Even in a scenario where a given design/layout was universally desirable, it will lose out to a design that is more optimal for revenue generation.

Ok, yes, Google is a company that needs to make money, but changes that optimize for revenue over usability have a strong chance of a domino effect down the line of a dwindling user base paying an increasing cost to use a service that is no longer worth it.

> I assume they have the resources to measure _everything_.

I don't disagree with this assessment, but I believe it just means that they know where the inflection point is between functionality (driving engagement and retention) and revenue (increased at the expense of retention and engagement) and try and ride that intersection to maximize both.

> I believe YouTube is crushing it as a content provider.
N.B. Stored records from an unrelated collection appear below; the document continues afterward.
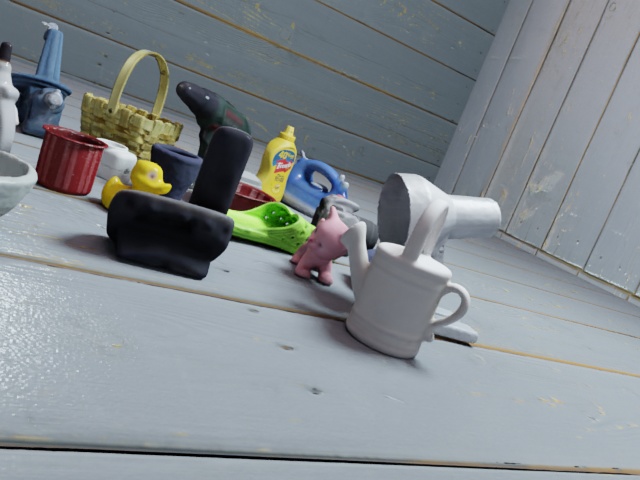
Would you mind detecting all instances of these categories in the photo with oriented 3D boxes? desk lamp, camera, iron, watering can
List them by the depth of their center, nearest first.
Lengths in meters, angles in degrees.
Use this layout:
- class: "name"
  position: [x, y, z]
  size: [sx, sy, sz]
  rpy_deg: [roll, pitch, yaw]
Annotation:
- class: "watering can"
  position: [0.104, 0.036, 0.714]
  size: [0.173, 0.194, 0.101]
  rpy_deg: [21, 11, -1]
- class: "desk lamp"
  position: [0.166, 0.021, 0.848]
  size: [0.204, 0.213, 0.117]
  rpy_deg: [17, 12, -21]
- class: "camera"
  position: [0.059, -0.028, 1.184]
  size: [0.137, 0.101, 0.143]
  rpy_deg: [18, 11, -16]
- class: "iron"
  position: [0.003, -0.133, 1.478]
  size: [0.257, 0.141, 0.119]
  rpy_deg: [30, 14, 38]

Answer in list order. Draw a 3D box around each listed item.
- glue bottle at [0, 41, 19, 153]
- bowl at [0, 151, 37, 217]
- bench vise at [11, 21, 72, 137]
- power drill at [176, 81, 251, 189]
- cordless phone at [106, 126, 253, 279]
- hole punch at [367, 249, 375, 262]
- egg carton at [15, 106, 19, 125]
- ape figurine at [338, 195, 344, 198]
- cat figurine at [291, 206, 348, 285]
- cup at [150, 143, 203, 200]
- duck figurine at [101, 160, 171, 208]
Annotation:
- class: "glue bottle"
  position: [-0.476, -0.204, 0.837]
  size: [0.078, 0.173, 0.037]
  rpy_deg: [21, 11, 2]
- class: "bowl"
  position: [-0.377, -0.056, 0.566]
  size: [0.167, 0.075, 0.167]
  rpy_deg: [20, 11, -4]
- class: "bench vise"
  position: [-0.544, -0.324, 1.165]
  size: [0.206, 0.220, 0.122]
  rpy_deg: [27, 13, 29]
- class: "power drill"
  position: [-0.247, -0.215, 1.232]
  size: [0.075, 0.208, 0.230]
  rpy_deg: [27, 12, 27]
- class: "cordless phone"
  position: [-0.166, -0.060, 0.693]
  size: [0.148, 0.185, 0.094]
  rpy_deg: [15, 12, -29]
- class: "hole punch"
  position: [0.112, 0.046, 0.952]
  size: [0.101, 0.091, 0.108]
  rpy_deg: [19, 11, -14]
- class: "egg carton"
  position: [-0.610, -0.232, 0.993]
  size: [0.151, 0.069, 0.107]
  rpy_deg: [9, 16, -48]
- class: "ape figurine"
  position: [0.035, -0.058, 1.310]
  size: [0.077, 0.092, 0.076]
  rpy_deg: [30, 14, 40]
- class: "cat figurine"
  position: [0.008, 0.003, 0.894]
  size: [0.067, 0.118, 0.127]
  rpy_deg: [18, 11, -15]
- class: "cup"
  position: [-0.262, -0.115, 1.018]
  size: [0.092, 0.095, 0.117]
  rpy_deg: [20, 11, -8]
- class: "duck figurine"
  position: [-0.267, -0.077, 0.848]
  size: [0.104, 0.086, 0.078]
  rpy_deg: [23, 11, 12]

There's an argument to be made here that YouTube just doesn't have any real competition due to the infrastructural requirements being so heavy and the network effect of having so many people using the platform, and that's different than doing well enough to be able to compete in an environment that had more competition.

Put another way, the way YouTube is run works great up until you have an actual competitor operating at the same scale, at which point it falls over, as opposed to one that could effectively compete against another service.

This feeds back into the point about riding that curve of revenue vs. functionality. If you're right at the intersection of that curve you have very little flexibility with which to adjust in competition with another entity. This just points YouTube believing (not unreasonably so) that they're an effective monopoly and don't need to worry about competition, so it doesn't enter into their calculations. They may never need to worry about it.

None of that is the same thing as being a "good" or "optimal" service for users, and you can't really "crush it" when there's no one of a similar size within the space to compare against.